Bug 1166063

Summary: diff heal makes the system unusable
Product: [Community] GlusterFS Reporter: Pranith Kumar K <pkarampu>
Component: replicateAssignee: Pranith Kumar K <pkarampu>
Status: CLOSED CURRENTRELEASE QA Contact:
Severity: unspecified Docs Contact:
Priority: unspecified    
Version: mainlineCC: bugs, lindsay.mathieson
Target Milestone: ---Keywords: Triaged
Target Release: ---   
Hardware: Unspecified   
OS: Unspecified   
Whiteboard:
Fixed In Version: Doc Type: Bug Fix
Doc Text:
Story Points: ---
Clone Of: Environment:
Last Closed: 2016-06-22 09:24:37 UTC Type: Bug
Regression: --- Mount Type: ---
Documentation: --- CRM:
Verified Versions: Category: ---
oVirt Team: --- RHEL 7.3 requirements from Atomic Host:
Cloudforms Team: --- Target Upstream Version:
Embargoed:

Description Pranith Kumar K 2014-11-20 10:58:53 UTC
Description of problem:
Here is the mail sent by Lindsay Mathieson:

2 Node replicate setup,

Everything has been stable for days untill I had occasion to reboot
one of the nodes.

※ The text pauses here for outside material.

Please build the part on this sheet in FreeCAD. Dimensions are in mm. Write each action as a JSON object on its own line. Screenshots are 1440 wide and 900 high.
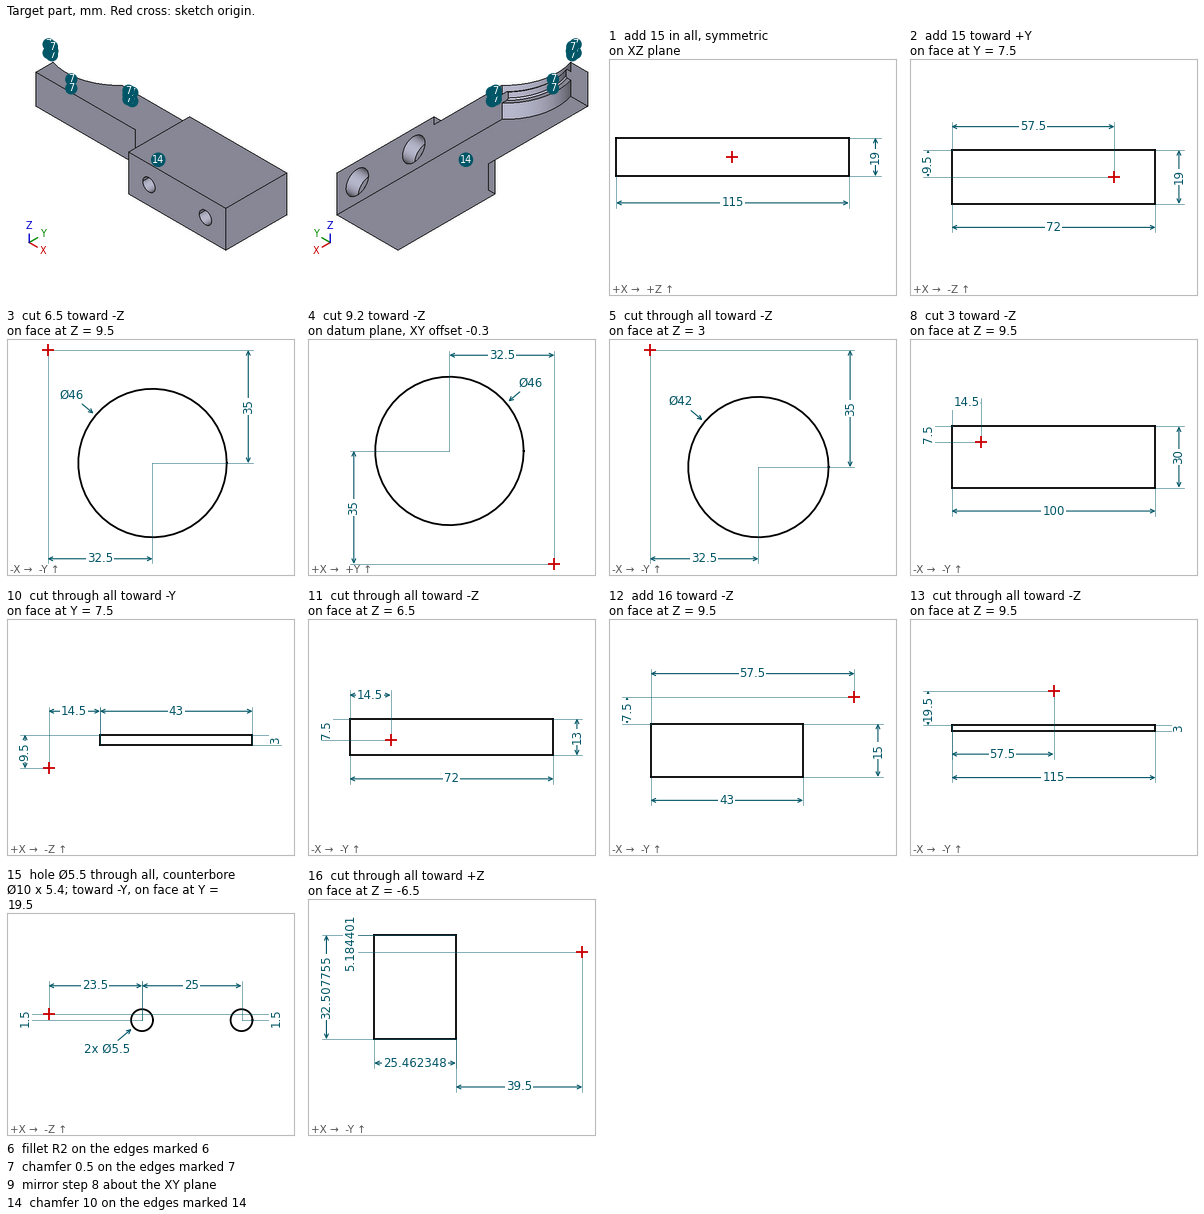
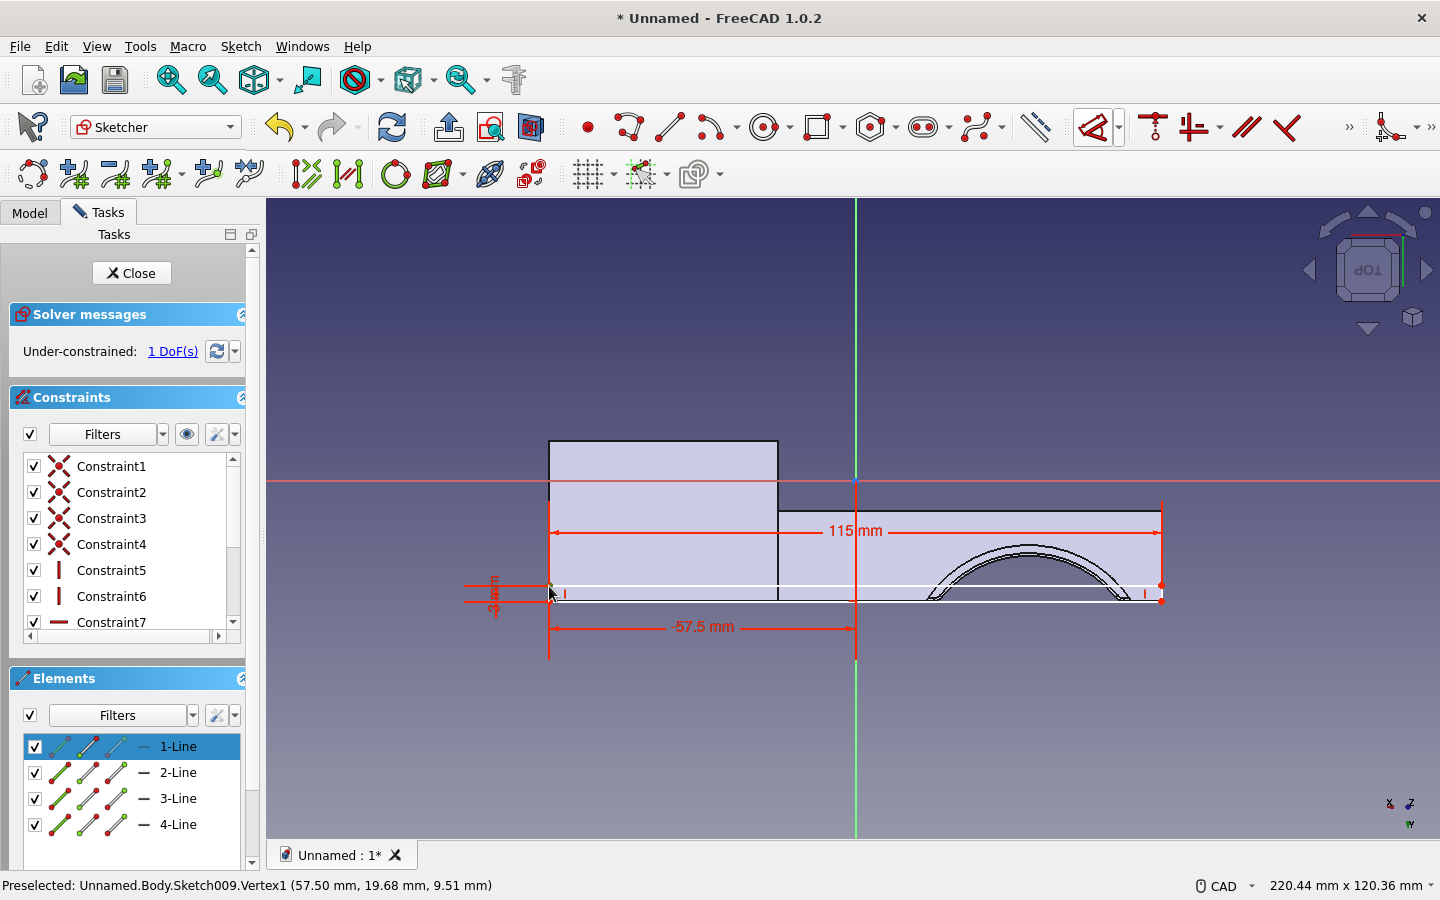
{"action": "left_click", "coordinate": [1118, 128]}

Since then (past hour) glusterfsd has been pegging
the CPU(s), utilization ranging from 1% to 1000% !

On average its around 500%

This is a vm server, so there are only 27 VM images for a total of
800GB. Its an Intel E5-2620 (12 Cores) with 32GB ECC RAM

- What does glusterfsd do?

- What can I do to fix this?

thanks,
------------------------

We found that the root cause is that mount started self-heal of all the VMs which are doing diff self-heal, i.e. checksums are consuming high CPU on the bricks which lead to the issue. We need a way to throttle the number of parallel self-heals.


Version-Release number of selected component (if applicable):


How reproducible:
always

Steps to Reproduce:
1. Have a lot of VMs on replicated volume
2. Bring one brick down and do some write activity on all the VMs
3. Bring the brick back up while the VM operations are in progress
4. This will lead to self-heal of all the VMs by the mount.
5. That will cause high CPU usage on bricks because of checksums.

Expected results:
Bricks should not use so much CPU. There should be some kind of throttling

Comment 1 Pranith Kumar K 2016-06-22 09:24:37 UTC
With sharding and full self-heal algorithm this problem doesn't happen. So closing this.